Start of Block
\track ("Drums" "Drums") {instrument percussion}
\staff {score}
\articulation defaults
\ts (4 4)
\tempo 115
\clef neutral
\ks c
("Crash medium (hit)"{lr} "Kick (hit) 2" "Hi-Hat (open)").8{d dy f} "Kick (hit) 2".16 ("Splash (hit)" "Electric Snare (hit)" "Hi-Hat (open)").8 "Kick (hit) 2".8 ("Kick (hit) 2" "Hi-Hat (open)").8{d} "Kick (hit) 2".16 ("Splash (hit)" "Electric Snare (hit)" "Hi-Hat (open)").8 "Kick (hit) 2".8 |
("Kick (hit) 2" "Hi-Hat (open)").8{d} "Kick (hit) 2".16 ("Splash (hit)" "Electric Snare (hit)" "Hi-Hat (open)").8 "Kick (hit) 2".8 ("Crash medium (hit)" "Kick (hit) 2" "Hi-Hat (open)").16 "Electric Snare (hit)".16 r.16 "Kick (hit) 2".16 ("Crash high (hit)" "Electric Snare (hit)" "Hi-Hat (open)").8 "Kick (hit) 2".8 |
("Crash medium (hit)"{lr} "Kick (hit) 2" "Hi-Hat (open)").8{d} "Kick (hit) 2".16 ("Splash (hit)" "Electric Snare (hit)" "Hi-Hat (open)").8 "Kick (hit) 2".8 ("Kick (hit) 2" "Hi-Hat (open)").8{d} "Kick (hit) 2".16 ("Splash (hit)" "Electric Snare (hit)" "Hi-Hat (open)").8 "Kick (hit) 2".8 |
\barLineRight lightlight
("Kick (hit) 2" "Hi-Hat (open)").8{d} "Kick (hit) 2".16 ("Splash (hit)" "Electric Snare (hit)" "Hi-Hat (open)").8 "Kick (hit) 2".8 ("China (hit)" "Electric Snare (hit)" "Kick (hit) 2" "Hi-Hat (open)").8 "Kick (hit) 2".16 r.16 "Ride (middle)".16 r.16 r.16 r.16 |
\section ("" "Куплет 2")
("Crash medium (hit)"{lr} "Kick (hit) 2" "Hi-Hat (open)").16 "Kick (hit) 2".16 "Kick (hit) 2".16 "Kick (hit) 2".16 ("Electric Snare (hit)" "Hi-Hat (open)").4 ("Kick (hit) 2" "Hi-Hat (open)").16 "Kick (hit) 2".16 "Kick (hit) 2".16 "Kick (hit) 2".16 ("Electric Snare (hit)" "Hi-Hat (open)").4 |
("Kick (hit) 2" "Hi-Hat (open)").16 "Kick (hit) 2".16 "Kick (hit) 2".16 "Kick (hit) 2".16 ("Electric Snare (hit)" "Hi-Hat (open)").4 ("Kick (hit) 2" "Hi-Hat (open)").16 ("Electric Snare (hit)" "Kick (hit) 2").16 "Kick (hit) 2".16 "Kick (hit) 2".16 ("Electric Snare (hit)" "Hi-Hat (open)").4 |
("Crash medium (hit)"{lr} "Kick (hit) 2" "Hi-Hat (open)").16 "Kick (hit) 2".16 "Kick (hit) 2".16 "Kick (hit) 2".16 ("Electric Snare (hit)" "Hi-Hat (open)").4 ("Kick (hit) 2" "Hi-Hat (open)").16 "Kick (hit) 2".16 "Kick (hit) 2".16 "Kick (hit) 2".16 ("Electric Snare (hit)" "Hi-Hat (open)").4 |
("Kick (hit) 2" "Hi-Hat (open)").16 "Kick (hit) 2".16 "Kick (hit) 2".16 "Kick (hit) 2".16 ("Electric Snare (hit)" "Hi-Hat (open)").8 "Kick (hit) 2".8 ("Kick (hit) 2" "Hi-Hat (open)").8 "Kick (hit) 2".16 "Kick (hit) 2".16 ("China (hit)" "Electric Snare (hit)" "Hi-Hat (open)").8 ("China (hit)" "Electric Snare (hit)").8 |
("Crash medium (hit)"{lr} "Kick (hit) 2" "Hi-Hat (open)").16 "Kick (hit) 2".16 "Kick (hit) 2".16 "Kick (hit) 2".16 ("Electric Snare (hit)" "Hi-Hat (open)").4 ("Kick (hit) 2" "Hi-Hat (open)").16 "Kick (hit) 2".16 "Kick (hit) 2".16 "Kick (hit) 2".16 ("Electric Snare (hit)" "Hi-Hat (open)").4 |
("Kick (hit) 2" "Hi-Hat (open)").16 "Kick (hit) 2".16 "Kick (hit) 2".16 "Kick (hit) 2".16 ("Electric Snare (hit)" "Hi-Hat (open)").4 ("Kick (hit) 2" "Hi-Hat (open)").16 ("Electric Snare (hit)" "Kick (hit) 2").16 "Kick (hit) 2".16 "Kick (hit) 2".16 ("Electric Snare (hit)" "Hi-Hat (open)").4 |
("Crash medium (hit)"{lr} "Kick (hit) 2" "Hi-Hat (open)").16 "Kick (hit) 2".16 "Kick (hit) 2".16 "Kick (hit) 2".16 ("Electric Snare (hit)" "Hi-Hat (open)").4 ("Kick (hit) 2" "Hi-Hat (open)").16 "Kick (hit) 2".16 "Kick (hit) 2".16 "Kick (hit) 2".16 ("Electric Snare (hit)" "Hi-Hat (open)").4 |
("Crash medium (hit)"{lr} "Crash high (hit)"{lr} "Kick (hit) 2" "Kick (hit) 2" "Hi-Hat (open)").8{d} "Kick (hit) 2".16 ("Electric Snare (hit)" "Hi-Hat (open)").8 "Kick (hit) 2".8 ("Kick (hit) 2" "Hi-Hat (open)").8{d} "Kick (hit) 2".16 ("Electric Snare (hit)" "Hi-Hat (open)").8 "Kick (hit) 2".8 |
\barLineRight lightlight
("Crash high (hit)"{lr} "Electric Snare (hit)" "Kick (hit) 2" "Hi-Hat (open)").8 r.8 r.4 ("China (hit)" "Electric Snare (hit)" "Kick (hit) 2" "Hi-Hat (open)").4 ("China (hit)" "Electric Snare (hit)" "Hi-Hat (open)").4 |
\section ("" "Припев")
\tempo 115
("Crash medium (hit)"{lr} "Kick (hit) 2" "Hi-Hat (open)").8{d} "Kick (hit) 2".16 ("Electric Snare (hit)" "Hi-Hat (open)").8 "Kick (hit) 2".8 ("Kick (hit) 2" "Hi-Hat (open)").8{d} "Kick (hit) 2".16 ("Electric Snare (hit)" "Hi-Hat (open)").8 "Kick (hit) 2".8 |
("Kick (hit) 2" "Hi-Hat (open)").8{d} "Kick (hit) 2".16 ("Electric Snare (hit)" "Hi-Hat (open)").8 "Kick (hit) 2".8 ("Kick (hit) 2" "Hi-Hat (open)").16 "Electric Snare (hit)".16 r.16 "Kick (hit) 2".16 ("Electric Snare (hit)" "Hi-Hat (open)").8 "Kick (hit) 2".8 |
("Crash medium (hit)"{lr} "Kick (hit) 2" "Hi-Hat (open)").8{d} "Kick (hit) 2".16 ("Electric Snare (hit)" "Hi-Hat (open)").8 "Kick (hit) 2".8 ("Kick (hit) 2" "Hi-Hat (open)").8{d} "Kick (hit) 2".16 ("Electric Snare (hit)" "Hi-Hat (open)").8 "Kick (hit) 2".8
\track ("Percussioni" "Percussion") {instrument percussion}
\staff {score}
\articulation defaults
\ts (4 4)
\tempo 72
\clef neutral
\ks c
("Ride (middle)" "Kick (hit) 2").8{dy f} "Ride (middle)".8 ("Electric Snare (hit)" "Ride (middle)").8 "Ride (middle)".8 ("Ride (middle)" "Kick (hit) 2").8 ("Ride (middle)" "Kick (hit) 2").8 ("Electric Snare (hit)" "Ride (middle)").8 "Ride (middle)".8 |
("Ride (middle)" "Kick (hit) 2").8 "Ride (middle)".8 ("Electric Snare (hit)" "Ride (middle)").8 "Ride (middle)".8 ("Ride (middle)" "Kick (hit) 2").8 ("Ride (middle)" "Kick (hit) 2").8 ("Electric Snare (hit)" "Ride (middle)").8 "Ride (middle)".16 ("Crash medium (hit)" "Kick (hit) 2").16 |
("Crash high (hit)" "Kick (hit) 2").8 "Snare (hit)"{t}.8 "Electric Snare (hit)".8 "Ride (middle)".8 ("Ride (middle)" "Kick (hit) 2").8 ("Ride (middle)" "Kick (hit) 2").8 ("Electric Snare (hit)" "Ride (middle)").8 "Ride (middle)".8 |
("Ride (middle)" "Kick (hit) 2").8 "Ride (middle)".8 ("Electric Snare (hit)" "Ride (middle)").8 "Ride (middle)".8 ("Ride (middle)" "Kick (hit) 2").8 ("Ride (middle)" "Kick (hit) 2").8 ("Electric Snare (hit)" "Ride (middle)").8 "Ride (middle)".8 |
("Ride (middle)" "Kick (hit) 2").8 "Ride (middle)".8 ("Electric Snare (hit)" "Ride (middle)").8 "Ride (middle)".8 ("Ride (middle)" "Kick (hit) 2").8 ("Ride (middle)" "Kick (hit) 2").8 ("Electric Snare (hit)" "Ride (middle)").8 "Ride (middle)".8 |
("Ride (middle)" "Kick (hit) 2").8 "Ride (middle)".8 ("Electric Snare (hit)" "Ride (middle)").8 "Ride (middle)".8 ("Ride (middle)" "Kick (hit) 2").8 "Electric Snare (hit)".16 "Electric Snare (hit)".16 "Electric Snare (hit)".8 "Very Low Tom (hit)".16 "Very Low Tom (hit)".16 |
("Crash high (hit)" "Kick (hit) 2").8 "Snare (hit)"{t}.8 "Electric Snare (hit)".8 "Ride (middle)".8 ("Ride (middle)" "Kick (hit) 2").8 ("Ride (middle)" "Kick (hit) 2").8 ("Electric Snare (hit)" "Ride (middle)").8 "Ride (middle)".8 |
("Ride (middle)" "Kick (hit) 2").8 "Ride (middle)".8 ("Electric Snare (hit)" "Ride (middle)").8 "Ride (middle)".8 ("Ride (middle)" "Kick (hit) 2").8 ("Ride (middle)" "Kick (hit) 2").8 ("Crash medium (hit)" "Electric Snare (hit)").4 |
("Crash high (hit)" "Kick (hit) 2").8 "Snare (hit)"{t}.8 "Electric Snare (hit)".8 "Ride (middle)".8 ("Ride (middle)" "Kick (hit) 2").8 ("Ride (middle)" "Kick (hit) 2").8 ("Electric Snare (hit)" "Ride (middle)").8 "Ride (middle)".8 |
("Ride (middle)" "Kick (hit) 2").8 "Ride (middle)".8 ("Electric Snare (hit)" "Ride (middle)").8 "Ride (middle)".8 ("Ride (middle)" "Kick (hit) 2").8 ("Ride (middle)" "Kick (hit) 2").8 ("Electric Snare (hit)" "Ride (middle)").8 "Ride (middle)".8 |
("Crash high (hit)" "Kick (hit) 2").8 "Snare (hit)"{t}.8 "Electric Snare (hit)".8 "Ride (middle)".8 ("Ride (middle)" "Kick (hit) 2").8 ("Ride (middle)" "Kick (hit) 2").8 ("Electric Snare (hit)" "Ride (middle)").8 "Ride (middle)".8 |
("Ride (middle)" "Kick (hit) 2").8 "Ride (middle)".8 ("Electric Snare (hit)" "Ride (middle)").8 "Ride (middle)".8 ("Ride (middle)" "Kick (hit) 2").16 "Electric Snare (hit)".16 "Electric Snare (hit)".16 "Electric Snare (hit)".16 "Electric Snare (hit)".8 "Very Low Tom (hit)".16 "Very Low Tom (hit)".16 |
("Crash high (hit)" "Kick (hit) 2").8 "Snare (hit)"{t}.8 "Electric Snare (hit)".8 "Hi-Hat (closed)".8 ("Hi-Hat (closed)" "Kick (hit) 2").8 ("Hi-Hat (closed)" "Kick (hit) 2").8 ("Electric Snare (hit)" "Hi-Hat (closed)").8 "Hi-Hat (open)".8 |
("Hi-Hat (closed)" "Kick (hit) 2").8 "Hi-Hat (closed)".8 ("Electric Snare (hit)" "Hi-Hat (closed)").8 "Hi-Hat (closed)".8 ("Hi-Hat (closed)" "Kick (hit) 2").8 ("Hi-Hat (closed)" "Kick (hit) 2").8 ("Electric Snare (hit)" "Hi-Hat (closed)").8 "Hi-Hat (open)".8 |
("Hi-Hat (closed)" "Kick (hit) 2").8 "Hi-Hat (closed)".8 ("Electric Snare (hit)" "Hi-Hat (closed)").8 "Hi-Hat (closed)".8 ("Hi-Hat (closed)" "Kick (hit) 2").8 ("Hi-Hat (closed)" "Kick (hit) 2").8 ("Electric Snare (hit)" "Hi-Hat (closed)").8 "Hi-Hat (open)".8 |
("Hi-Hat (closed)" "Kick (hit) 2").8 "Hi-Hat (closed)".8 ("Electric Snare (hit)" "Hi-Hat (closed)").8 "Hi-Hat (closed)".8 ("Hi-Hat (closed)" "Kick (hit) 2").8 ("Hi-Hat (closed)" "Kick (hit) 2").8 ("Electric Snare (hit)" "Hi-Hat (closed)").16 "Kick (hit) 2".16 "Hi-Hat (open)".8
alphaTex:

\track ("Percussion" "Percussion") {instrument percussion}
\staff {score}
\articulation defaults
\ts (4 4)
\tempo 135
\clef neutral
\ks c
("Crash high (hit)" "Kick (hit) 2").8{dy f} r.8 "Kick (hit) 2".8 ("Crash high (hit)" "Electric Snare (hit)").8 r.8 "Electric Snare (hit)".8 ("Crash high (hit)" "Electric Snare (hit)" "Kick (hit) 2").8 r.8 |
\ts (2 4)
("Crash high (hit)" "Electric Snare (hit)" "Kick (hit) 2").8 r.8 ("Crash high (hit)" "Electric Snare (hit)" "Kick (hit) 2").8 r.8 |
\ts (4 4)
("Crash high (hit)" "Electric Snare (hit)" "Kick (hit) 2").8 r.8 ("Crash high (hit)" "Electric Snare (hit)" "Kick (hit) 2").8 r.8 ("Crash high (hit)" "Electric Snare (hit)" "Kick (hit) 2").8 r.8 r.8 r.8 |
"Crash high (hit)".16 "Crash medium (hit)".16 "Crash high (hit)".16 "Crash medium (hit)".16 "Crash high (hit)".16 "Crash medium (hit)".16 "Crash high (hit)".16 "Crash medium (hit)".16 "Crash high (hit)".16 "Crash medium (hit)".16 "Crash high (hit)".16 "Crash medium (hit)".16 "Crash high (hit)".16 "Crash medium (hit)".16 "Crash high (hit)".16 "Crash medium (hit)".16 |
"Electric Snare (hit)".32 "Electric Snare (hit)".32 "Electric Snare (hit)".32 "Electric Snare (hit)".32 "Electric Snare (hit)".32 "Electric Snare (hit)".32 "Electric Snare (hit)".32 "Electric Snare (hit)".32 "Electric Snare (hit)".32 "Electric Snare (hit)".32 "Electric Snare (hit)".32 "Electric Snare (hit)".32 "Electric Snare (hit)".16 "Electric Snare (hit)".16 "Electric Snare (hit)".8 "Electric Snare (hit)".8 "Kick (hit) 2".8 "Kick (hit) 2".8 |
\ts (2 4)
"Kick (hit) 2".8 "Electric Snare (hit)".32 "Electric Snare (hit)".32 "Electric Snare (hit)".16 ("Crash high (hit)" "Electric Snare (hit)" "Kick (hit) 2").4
End of Block
- [Your task]
Write out every line from the data above that includes "China".

- [Exercise solution]
("Kick (hit) 2" "Hi-Hat (open)").8{d} "Kick (hit) 2".16 ("Splash (hit)" "Electric Snare (hit)" "Hi-Hat (open)").8 "Kick (hit) 2".8 ("China (hit)" "Electric Snare (hit)" "Kick (hit) 2" "Hi-Hat (open)").8 "Kick (hit) 2".16 r.16 "Ride (middle)".16 r.16 r.16 r.16 |
("Kick (hit) 2" "Hi-Hat (open)").16 "Kick (hit) 2".16 "Kick (hit) 2".16 "Kick (hit) 2".16 ("Electric Snare (hit)" "Hi-Hat (open)").8 "Kick (hit) 2".8 ("Kick (hit) 2" "Hi-Hat (open)").8 "Kick (hit) 2".16 "Kick (hit) 2".16 ("China (hit)" "Electric Snare (hit)" "Hi-Hat (open)").8 ("China (hit)" "Electric Snare (hit)").8 |
("Crash high (hit)"{lr} "Electric Snare (hit)" "Kick (hit) 2" "Hi-Hat (open)").8 r.8 r.4 ("China (hit)" "Electric Snare (hit)" "Kick (hit) 2" "Hi-Hat (open)").4 ("China (hit)" "Electric Snare (hit)" "Hi-Hat (open)").4 |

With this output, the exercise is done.